After the establishment of the People’s Republic of China in 1949, the Beijing government declared the Sino-Portuguese Treaty invalid as an “unequal treaty” force on China by evil foreigners. However, Beijing maintained “the status quo” for the time being.
In 1976, Lisbon redefined Macau as a “Chinese territory under Portuguese administration” and granted it a large measure of administrative, financial, and economic autonomy. Three years later, Portugal and China agreed to regard Macau as “a Chinese territory under [temporary] Portuguese administration”. The Chinese and Portuguese commenced negotiations for the official handover of Macau in 1986, and the two governments signed the Sino-Portuguese Joint Declaration the next year, officially making Macau a special administrative region of China.

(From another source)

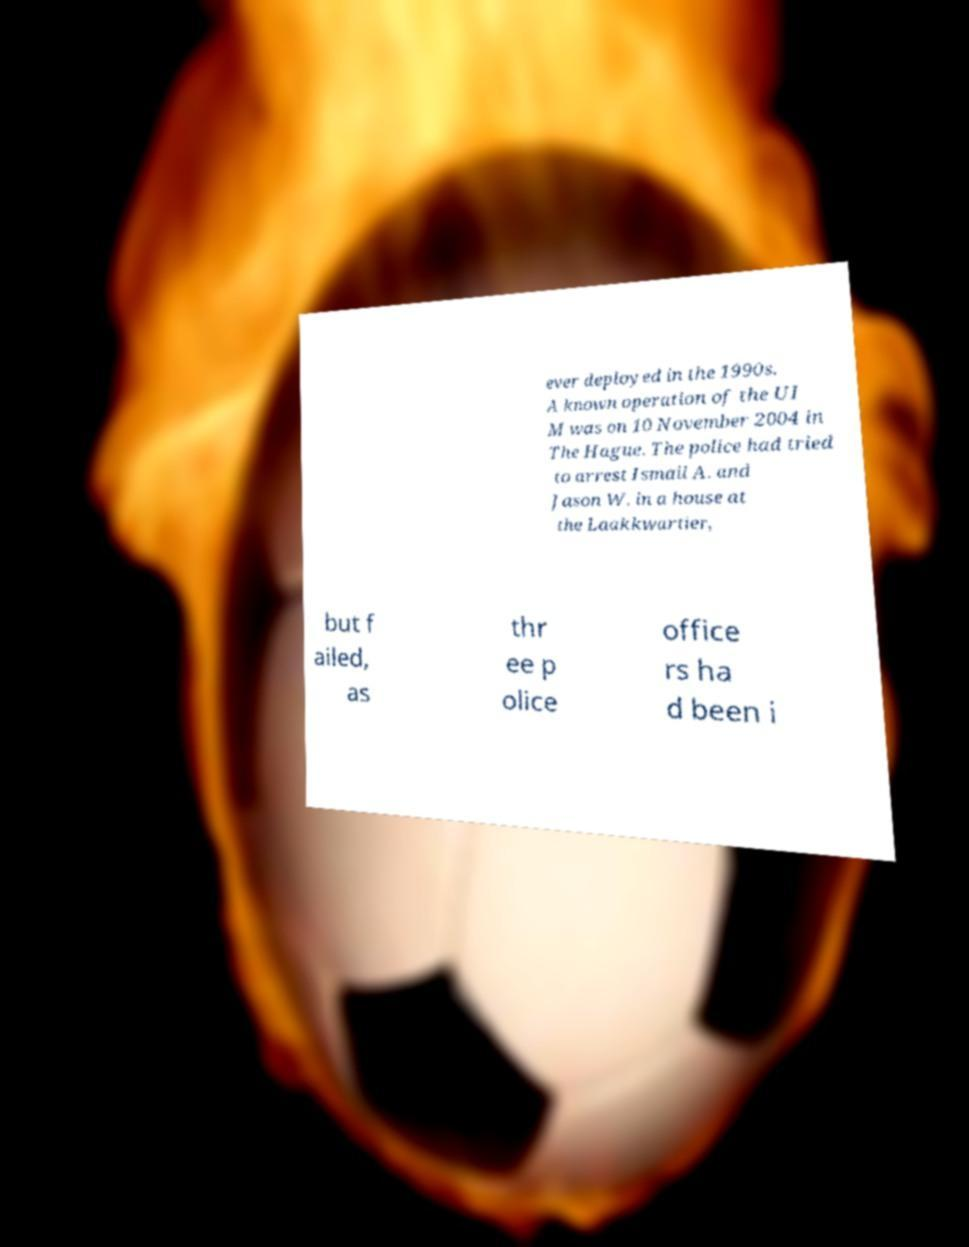Please read and relay the text visible in this image. What does it say? ever deployed in the 1990s. A known operation of the UI M was on 10 November 2004 in The Hague. The police had tried to arrest Ismail A. and Jason W. in a house at the Laakkwartier, but f ailed, as thr ee p olice office rs ha d been i

The Chinese government assumed formal sovereignty over Macau on 20 December 1999. This event officially marked the end of the Portuguese Empire and European colonialism in Asia.
Where is it
Macau sits in the Pearl River Delta metropolitan region in the south-west of China, the most populated area in the world. With a population of 650,900 in an area of 30.5 km2 Macau is also the most densely populated region in the world.
How to get there
You can’t fly direct to Macau from Australia, but multiple airlines will take you there via their hubs. However, you can fly directly to Hong Kong. From there, it’s a short flight or an hour by ferry.
When to go
The best time to travel is anywhere between October and April. Being so close to the equator, you’re guaranteed to get warm weather despite it technically being the winter months. Avoid going during the hot season, as sky-high temperatures and sweltering humidity will affect your stay.
Where to stay
The Macau most people think of is actually a relatively new piece of reclaimed land called the Cotai strip. This is the pumping gambling and entertainment hub of the island, full of huge Vegas-style casinos like the Venetian and the Parisian. This is the best place to stay if you’re keen to spend a weekend in luxury, play some cards and see some shows.
If you’re more interested in doing the touristy thing, then check out Old Macau. As the name suggests, this part of town predates the expansive properties in Cotai and is the home of most of Macau’s boutique and budget accommodation.
Uber has recently arrived in Macau, so now getting around is easier than ever.
What to see
Most of the 30 000 000 visitors who come to Macau each year are there to gamble. Macau is the only part of China where Casino gambling is legal and explains why some 70% of the tourists who come to visit are from mainland China.
Head to the Cotai strip. There you’ll find a heap of mega-casinos like the Wynn, the Altira and the Banyan Tree. All of the casinos have entertainment hubs and put on spectacular shows and concerts. Yes, there’s even a Cirque du Soleil!
If you’re keener to delve into the colonial history of Macau, then there are some beautiful Baroque buildings to check out. The UNESCO listed Casa Garden is one of the oldest buildings in Macau, built in 1770.
Then there’s the spectacular façade of the Church of St. Paul. The spectacular frontage is all that’s left after the church was destroyed by fire in 1835. Or if you like to see the even seedier side of Macau, check out the shuttered terraces of the Street of Happiness, formerly Macau’s main red light district.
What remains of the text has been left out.